Illustration of a digital shield containing a neural network, symbolizing reinforcement learning malware evasion and cybersecurity

AI‑Driven Malware PoC Shows How Reinforcement Learning Can Outsmart Microsoft Defender

Introduction

Security researchers have long warned that large language models (LLMs) could enable the mass automation of malware development. Until recently those fears were hypothetical, because AI chatbots could only generate simple code or phishing emails【183109028965074†L173-L178】. At the 2025 Black Hat conference, Kyle Avery of Outflank unveiled a proof‑of‑concept (PoC) model that takes those concerns a step further: a lightweight AI tool trained to evade Microsoft Defender for Endpoint【183109028965074†L170-L184】.

How It Works

Reinforcement Learning

Avery’s innovation lies in reinforcement learning (RL). Unlike traditional LLMs that learn from massive text datasets, RL models are trained by receiving rewards for completing specific tasks. Avery started with an open‑source model (Qwen 2.5) and built a sandbox where the model wrote malware while Microsoft Defender evaluated the output【183109028965074†L210-L249】. Each time the malware functioned without triggering an alert, the model received a reward and adjusted its parameters accordingly【183109028965074†L238-L244】. Over successive iterations the model became better at producing functioning samples and then tuned its behavior specifically to generate code that reduced the severity of Defender alerts【183109028965074†L246-L250】.

Why Reinforcement Learning?

Traditional AI models require large amounts of malware samples to learn how to create malicious code.
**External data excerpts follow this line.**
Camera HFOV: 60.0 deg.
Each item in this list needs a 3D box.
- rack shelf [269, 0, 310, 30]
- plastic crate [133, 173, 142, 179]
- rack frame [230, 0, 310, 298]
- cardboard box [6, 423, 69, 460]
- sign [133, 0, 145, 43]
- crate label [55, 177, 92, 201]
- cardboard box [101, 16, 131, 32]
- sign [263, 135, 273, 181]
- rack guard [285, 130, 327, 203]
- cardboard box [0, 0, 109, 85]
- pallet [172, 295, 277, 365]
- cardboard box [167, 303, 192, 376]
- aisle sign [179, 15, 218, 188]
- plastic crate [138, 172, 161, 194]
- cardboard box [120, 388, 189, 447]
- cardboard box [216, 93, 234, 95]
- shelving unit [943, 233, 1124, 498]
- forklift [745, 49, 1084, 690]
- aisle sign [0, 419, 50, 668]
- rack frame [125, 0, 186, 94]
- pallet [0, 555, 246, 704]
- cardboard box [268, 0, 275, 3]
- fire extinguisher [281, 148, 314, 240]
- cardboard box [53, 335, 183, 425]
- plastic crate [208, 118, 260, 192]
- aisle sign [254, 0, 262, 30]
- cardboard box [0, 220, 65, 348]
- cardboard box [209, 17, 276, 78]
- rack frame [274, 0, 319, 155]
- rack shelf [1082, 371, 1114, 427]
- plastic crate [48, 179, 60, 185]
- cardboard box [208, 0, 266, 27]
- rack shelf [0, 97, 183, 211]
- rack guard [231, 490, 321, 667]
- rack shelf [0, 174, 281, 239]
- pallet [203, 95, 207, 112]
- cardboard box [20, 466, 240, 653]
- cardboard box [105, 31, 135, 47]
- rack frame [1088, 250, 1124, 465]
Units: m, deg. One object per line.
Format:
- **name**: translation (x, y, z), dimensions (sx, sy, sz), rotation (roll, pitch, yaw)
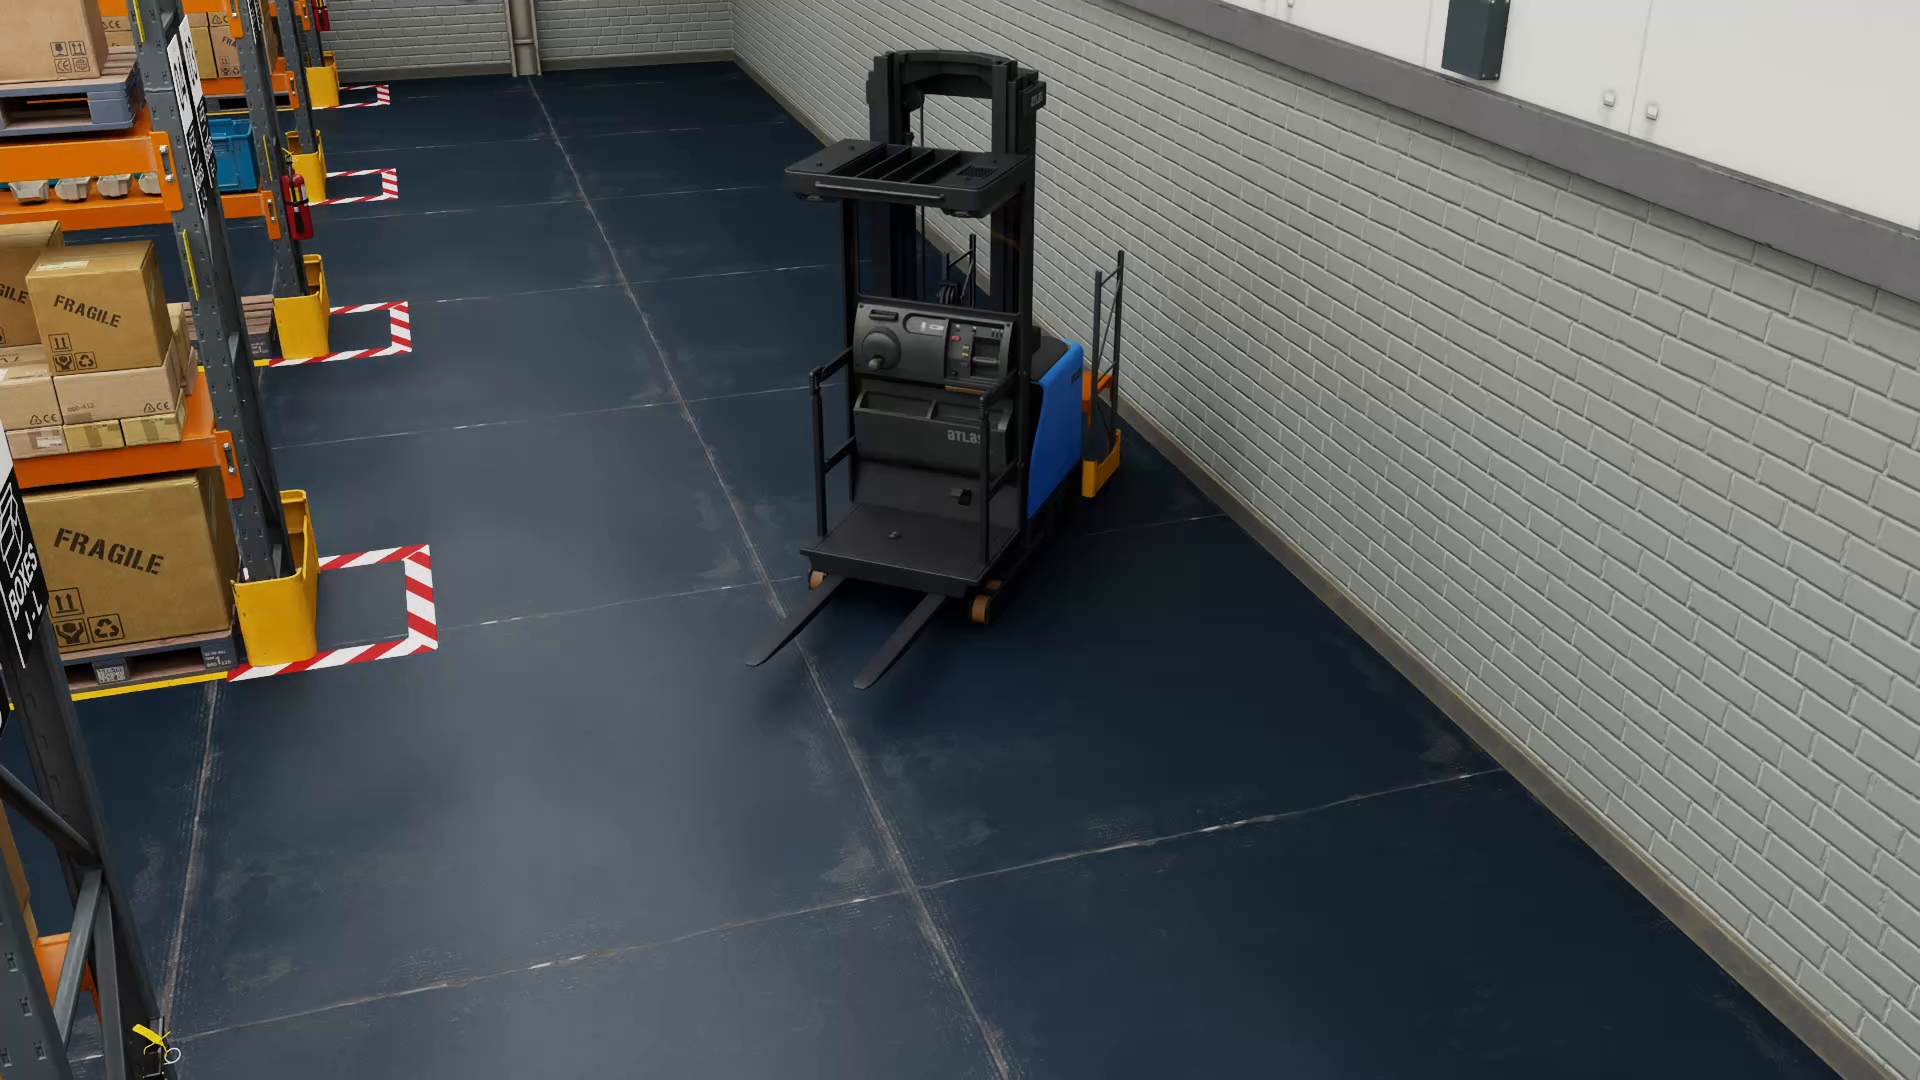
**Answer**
- **rack shelf**: translation (-10.338, -6.608, 20.997), dimensions (4.000, 0.370, 1.077), rotation (-8, 28, -16)
- **plastic crate**: translation (-6.331, -2.984, 13.008), dimensions (0.300, 0.233, 0.416), rotation (-8, 28, -16)
- **rack frame**: translation (-5.368, -3.017, 12.954), dimensions (0.127, 3.000, 1.000), rotation (-8, 28, -16)
- **cardboard box**: translation (-4.558, -0.552, 8.270), dimensions (0.250, 0.149, 0.380), rotation (-8, 28, -16)
- **sign**: translation (-3.680, -2.396, 7.424), dimensions (0.005, 0.325, 0.100), rotation (-8, 28, -16)
- **crate label**: translation (-6.625, -2.655, 12.453), dimensions (0.243, 0.136, 0.396), rotation (-8, 28, -16)
- **cardboard box**: translation (-8.208, -5.284, 16.283), dimensions (0.500, 0.500, 0.500), rotation (-7, 27, -15)
- **sign**: translation (-5.183, -2.860, 12.454), dimensions (0.005, 0.325, 0.100), rotation (-8, 28, -16)
- **rack guard**: translation (-6.971, -3.982, 17.709), dimensions (0.348, 0.500, 1.175), rotation (-8, 28, -16)
- **cardboard box**: translation (-4.312, -2.450, 7.741), dimensions (0.500, 0.500, 0.700), rotation (-10, 28, -19)
- **pallet**: translation (-6.165, -1.671, 13.379), dimensions (1.213, 0.211, 1.003), rotation (-8, 28, -16)
- **cardboard box**: translation (-4.375, -1.037, 8.800), dimensions (0.500, 0.250, 0.500), rotation (-9, 28, -17)
- **aisle sign**: translation (-3.859, -2.224, 8.434), dimensions (0.004, 0.787, 0.394), rotation (-8, 28, -16)
- **plastic crate**: translation (-6.088, -2.737, 12.619), dimensions (0.243, 0.136, 0.396), rotation (-8, 28, -16)
- **cardboard box**: translation (-4.071, -0.622, 8.413), dimensions (0.250, 0.149, 0.380), rotation (-8, 27, -15)
- **cardboard box**: translation (-9.547, -6.067, 21.436), dimensions (0.500, 0.500, 0.700), rotation (-8, 28, -16)
- **shelving unit**: translation (0.477, -1.157, 10.895), dimensions (1.083, 1.500, 0.587), rotation (10, 28, 20)
- **forklift**: translation (-0.231, -1.053, 9.074), dimensions (1.130, 2.935, 3.031), rotation (10, 28, 19)
- **aisle sign**: translation (-2.418, -0.113, 4.182), dimensions (0.004, 0.787, 0.394), rotation (-8, 28, -16)
- **rack frame**: translation (-3.835, -3.610, 7.402), dimensions (0.127, 3.000, 1.000), rotation (-8, 28, -16)
- **pallet**: translation (-4.571, 0.469, 9.068), dimensions (1.213, 0.211, 1.003), rotation (-8, 28, -16)
- **cardboard box**: translation (-8.918, -7.266, 21.175), dimensions (0.700, 0.700, 0.980), rotation (-7, 27, -14)
- **fire extinguisher**: translation (-5.084, -2.644, 12.709), dimensions (0.183, 0.674, 0.296), rotation (-8, 28, -16)
- **cardboard box**: translation (-4.213, -0.810, 8.343), dimensions (0.500, 0.250, 0.500), rotation (-9, 28, -17)
- **plastic crate**: translation (-5.629, -2.935, 12.681), dimensions (0.499, 0.435, 0.616), rotation (-8, 28, -16)
- **aisle sign**: translation (-5.392, -4.317, 12.649), dimensions (0.004, 0.787, 0.394), rotation (-8, 28, -16)
- **cardboard box**: translation (-4.850, -1.304, 8.495), dimensions (0.500, 0.500, 0.500), rotation (-9, 28, -17)
- **cardboard box**: translation (-7.240, -4.980, 16.796), dimensions (0.500, 0.500, 0.500), rotation (-7, 27, -15)
- **rack frame**: translation (-6.899, -5.112, 17.174), dimensions (0.127, 3.000, 1.000), rotation (-8, 28, -16)
- **rack shelf**: translation (0.468, -0.998, 10.978), dimensions (1.000, 0.185, 0.538), rotation (10, 28, 20)
- **plastic crate**: translation (-6.957, -2.893, 12.825), dimensions (0.300, 0.233, 0.416), rotation (-8, 28, -16)
- **cardboard box**: translation (-7.237, -5.427, 16.572), dimensions (0.500, 0.500, 0.500), rotation (-8, 28, -17)
- **rack shelf**: translation (-5.736, -1.669, 7.674), dimensions (4.000, 0.370, 1.077), rotation (-8, 28, -16)
- **rack guard**: translation (-3.812, 0.193, 9.299), dimensions (0.348, 0.500, 1.175), rotation (-8, 28, -16)
- **rack shelf**: translation (-7.270, -2.420, 12.560), dimensions (4.000, 0.370, 1.077), rotation (-8, 28, -16)
- **pallet**: translation (-10.330, -5.648, 21.389), dimensions (1.213, 0.211, 1.003), rotation (-8, 28, -16)
- **cardboard box**: translation (-4.418, -0.038, 8.870), dimensions (0.875, 0.875, 0.875), rotation (-8, 28, -16)
- **cardboard box**: translation (-8.209, -4.841, 16.515), dimensions (0.500, 0.500, 0.500), rotation (-8, 28, -16)
- **rack frame**: translation (0.938, -1.072, 10.723), dimensions (0.032, 1.500, 0.500), rotation (10, 28, 20)

Malware datasets are scarce compared with general language data【183109028965074†L222-L227】. Reinforcement learning circumvents this by letting the model iteratively improve without needing huge training corpora【183109028965074†L232-L242】. Avery notes that RL eliminates the need for curated malware datasets because the model learns from its own trial‑and‑error process【183109028965074†L232-L243】.

Results and Implications

After several months of training, the PoC model could produce malware that bypassed Microsoft Defender roughly 8% of the time【183109028965074†L256-L258】. In contrast, Anthropic’s and DeepSeek’s AI models achieved success rates below 1%【183109028965074†L256-L261】. The program is also compact enough to run on a high‑end consumer GPU and cost only about $1,500 to train【183109028965074†L263-L271】. These findings suggest that it is feasible for criminals with modest resources to develop specialized AI assistants for malware creation and evasion.

Potential Threats

  • Rapid malware development: Once the model reaches a workable success rate, attackers can generate dozens of evasive samples with minimal effort.
  • Lower barriers to entry: The low cost and hardware requirements make it accessible to smaller criminal groups, not just nation‑state actors.
  • Adaptive evasion: Attackers could train models against other security products or combine RL with prompt‑injection techniques to build multi‑stage evasive attacks.

Defensive Recommendations

  • Layered security: Relying solely on one endpoint solution is risky. Organizations should deploy layered detection (behavioral analytics, network monitoring and endpoint detection and response).
  • Adversarial testing: Security teams should incorporate AI‑generated malware into red‑team exercises to evaluate defenses.
  • Model governance: AI developers must implement guardrails to prevent misuse of open models and publish responsible disclosure guidelines.

Conclusion

The reinforcement learning malware PoC is a wake‑up call. While AI‑enabled malware isn’t yet mainstream, the research shows that determined attackers can train models to evade specific security tools with relatively little investment. Defenders must plan for a future where machine‑generated malware becomes part of the threat landscape and invest in multi‑layered detection strategies.

Sources

  1. Dark Reading’s report on Kyle Avery’s presentation notes that the RL‑trained model was designed to bypass Microsoft Defender and will debut at Black Hat【183109028965074†L170-L184】.
  2. The same article explains that reinforcement learning allows the model to improve without large malware datasets; Avery rewarded the model for producing functioning malware and guided it toward lowering Defender alerts【183109028965074†L232-L244】【183109028965074†L246-L250】.
  3. The report states that the model achieved an 8% success rate in evading Defender, compared with <1% for Anthropic and DeepSeek models, and cost roughly $1,500 to train【183109028965074†L256-L271】.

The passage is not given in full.